> Task objective
Below are entries. Give back exactly the lines from the one containing "There's text embedded" through the one containing "<formula> <loc_0><loc_0><loc_500><loc_500>| \langle", inclusive, without the pictures.

> Task inputs
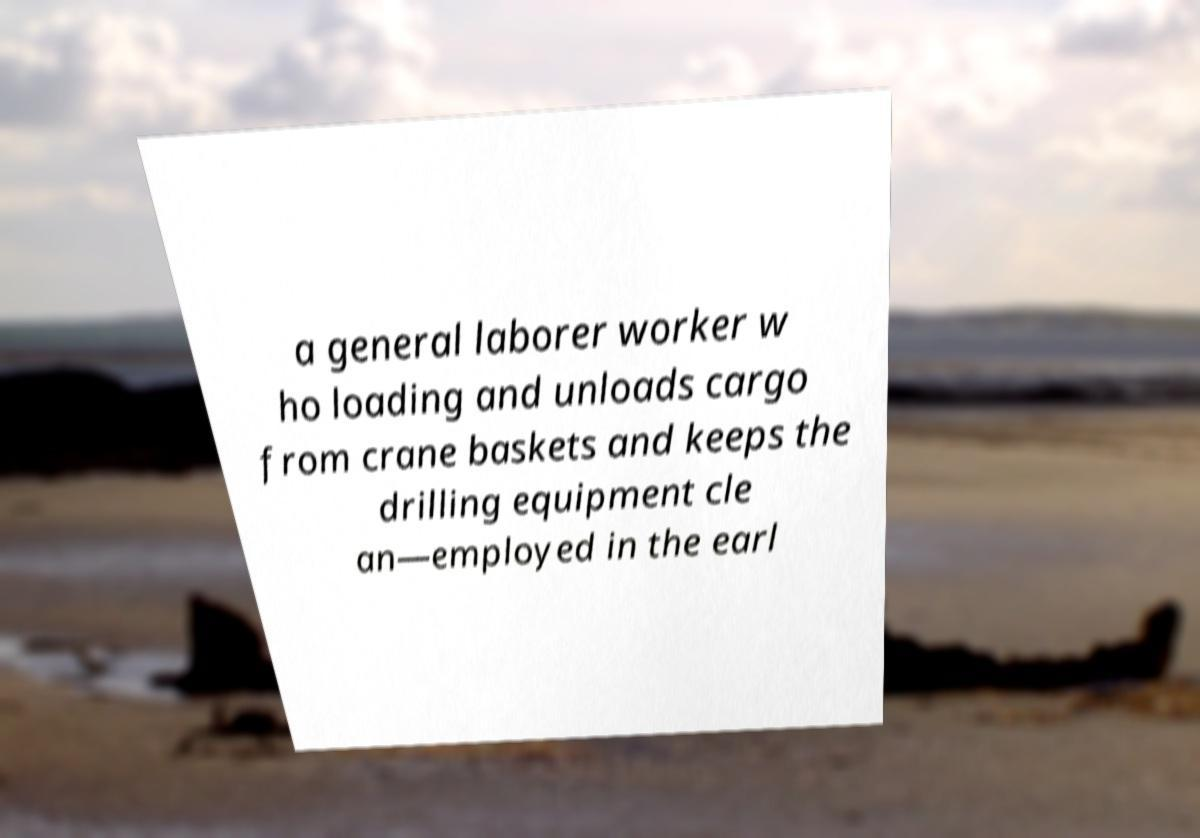I need the written content from this picture converted into text. Can you do that? a general laborer worker w ho loading and unloads cargo from crane baskets and keeps the drilling equipment cle an—employed in the earl 
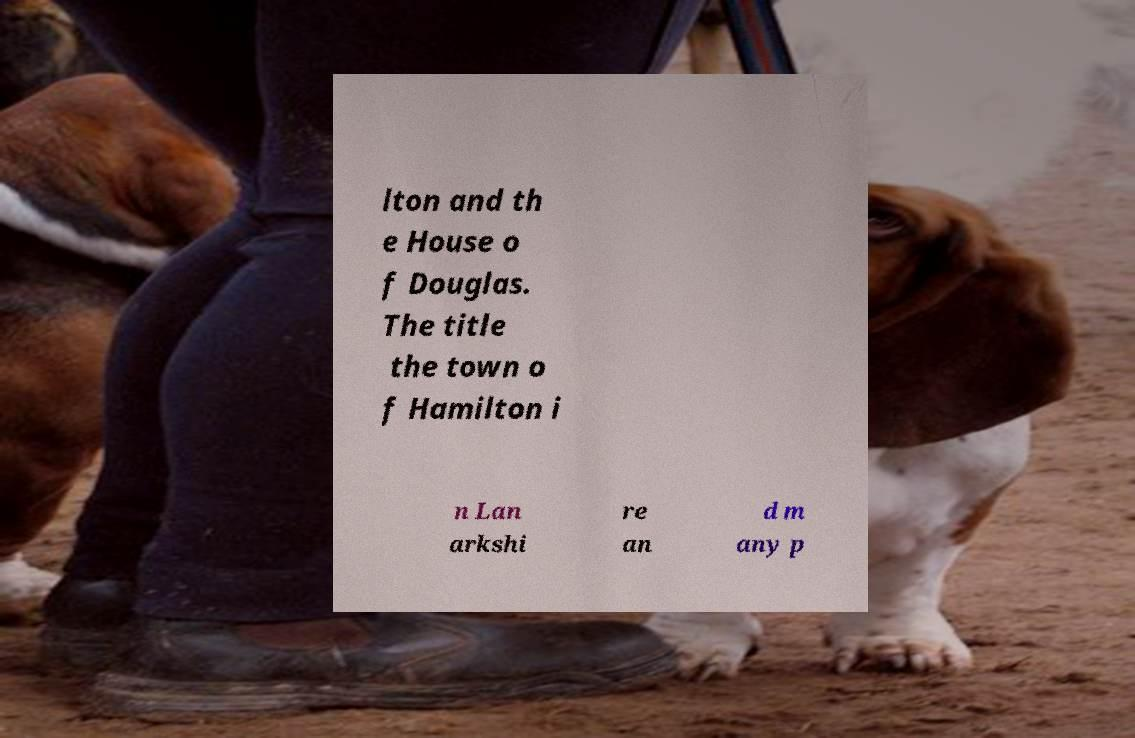Please read and relay the text visible in this image. What does it say? lton and th e House o f Douglas. The title the town o f Hamilton i n Lan arkshi re an d m any p 
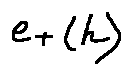<formula> <loc_0><loc_0><loc_500><loc_500>e + ( h )</formula> 
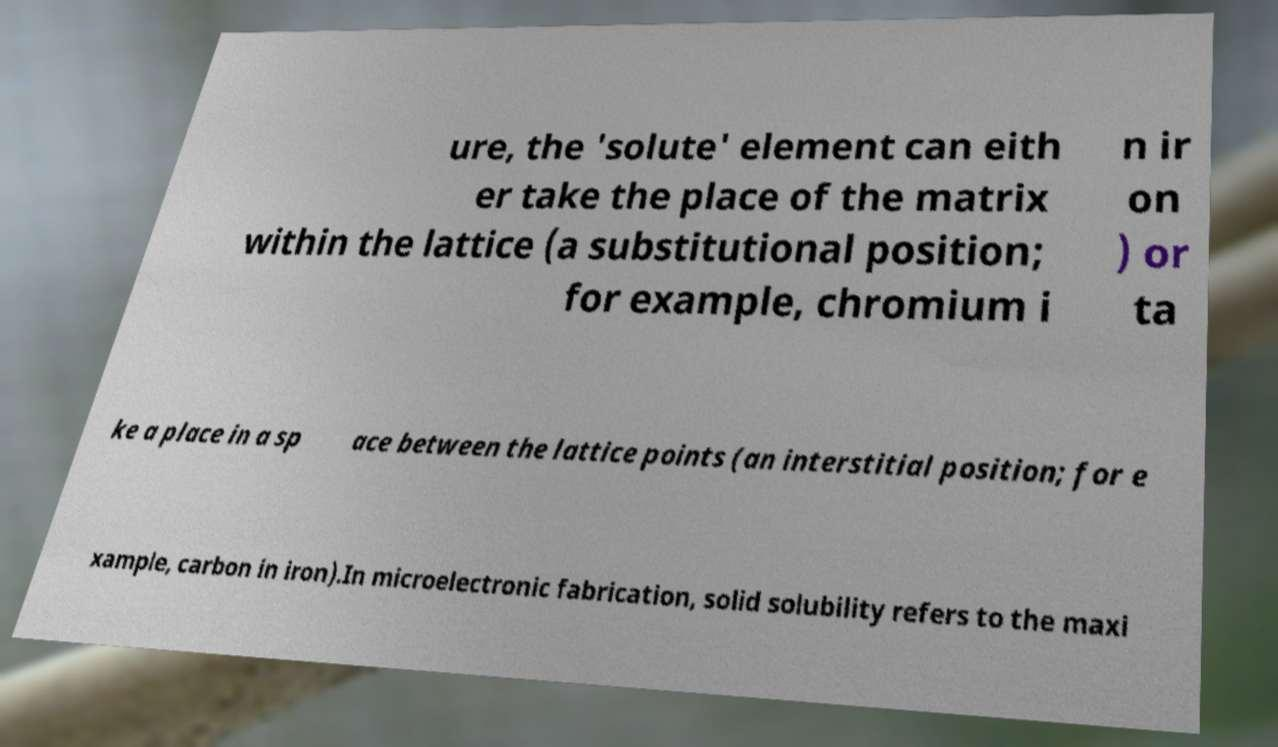There's text embedded in this image that I need extracted. Can you transcribe it verbatim? ure, the 'solute' element can eith er take the place of the matrix within the lattice (a substitutional position; for example, chromium i n ir on ) or ta ke a place in a sp ace between the lattice points (an interstitial position; for e xample, carbon in iron).In microelectronic fabrication, solid solubility refers to the maxi 
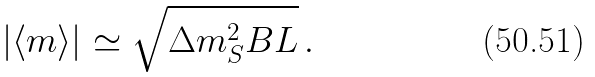<formula> <loc_0><loc_0><loc_500><loc_500>| \langle m \rangle | \simeq \sqrt { \Delta m ^ { 2 } _ { S } B L } \, .</formula> 
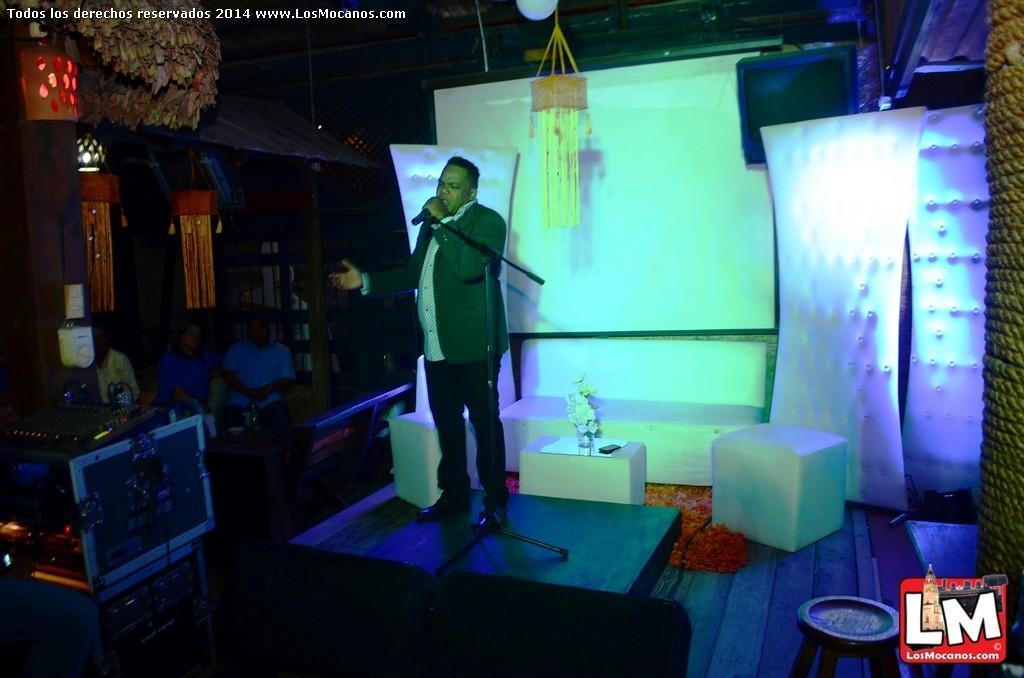Can you describe this image briefly? In the center of the picture there is a man holding a microphone and singing over a stage. In the center there are couches and flower vase. On the left there are boxes, people, chairs, decorative items. On the right there are stool and wall. 
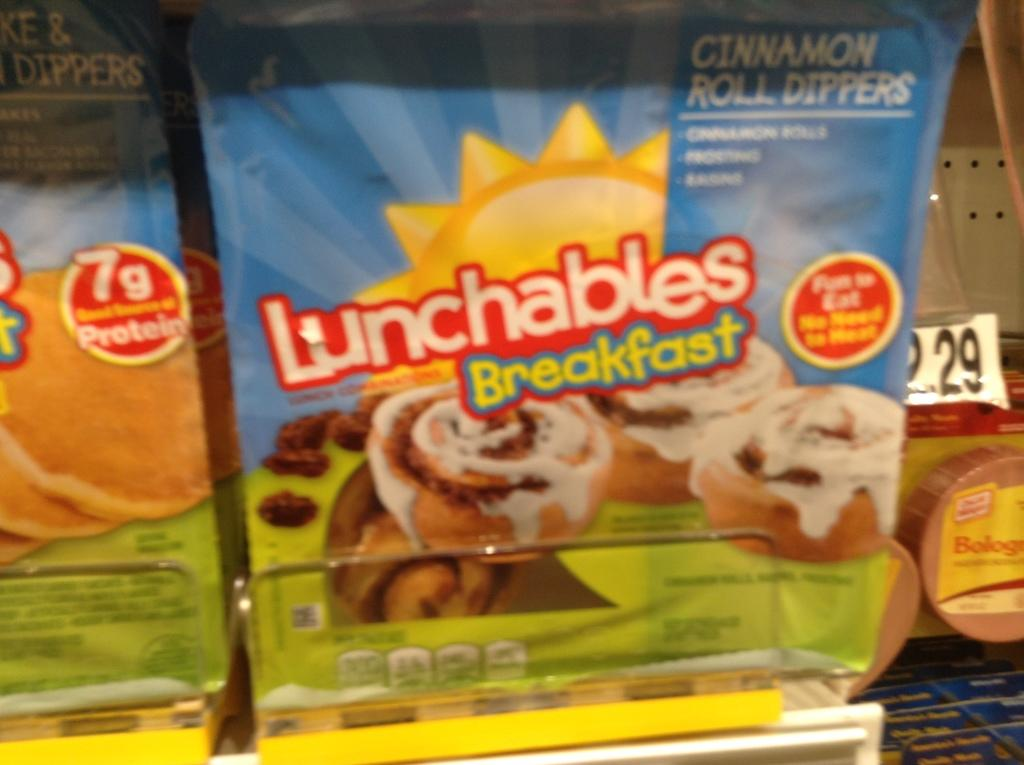What is the main subject of the image? The main subject of the image is a group of food packages. Where are the food packages located in the image? The food packages are placed on a rack. What else can be seen in the background of the image? There are numbers on a paper in the background of the image. Can you tell me how many geese are depicted on the paper with numbers in the background? There are no geese depicted on the paper with numbers in the background; it only contains numbers. What type of battle is taking place in the image? There is no battle present in the image; it features a group of food packages on a rack and numbers on a paper in the background. 
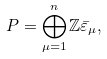Convert formula to latex. <formula><loc_0><loc_0><loc_500><loc_500>P = \bigoplus _ { \mu = 1 } ^ { n } \mathbb { Z } \bar { \varepsilon } _ { \mu } ,</formula> 
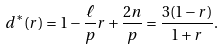<formula> <loc_0><loc_0><loc_500><loc_500>d ^ { * } ( r ) = 1 - \frac { \ell } { p } r + \frac { 2 n } { p } = \frac { 3 ( 1 - r ) } { 1 + r } .</formula>

> Task solution
There's text embedded in this image that I need extracted. Can you transcribe it verbatim? ure, the 'solute' element can eith er take the place of the matrix within the lattice (a substitutional position; for example, chromium i n ir on ) or ta ke a place in a sp ace between the lattice points (an interstitial position; for e xample, carbon in iron).In microelectronic fabrication, solid solubility refers to the maxi 
<formula> <loc_0><loc_0><loc_500><loc_500>| \langle m \rangle | \simeq \sqrt { \Delta m ^ { 2 } _ { S } B L } \, .</formula> 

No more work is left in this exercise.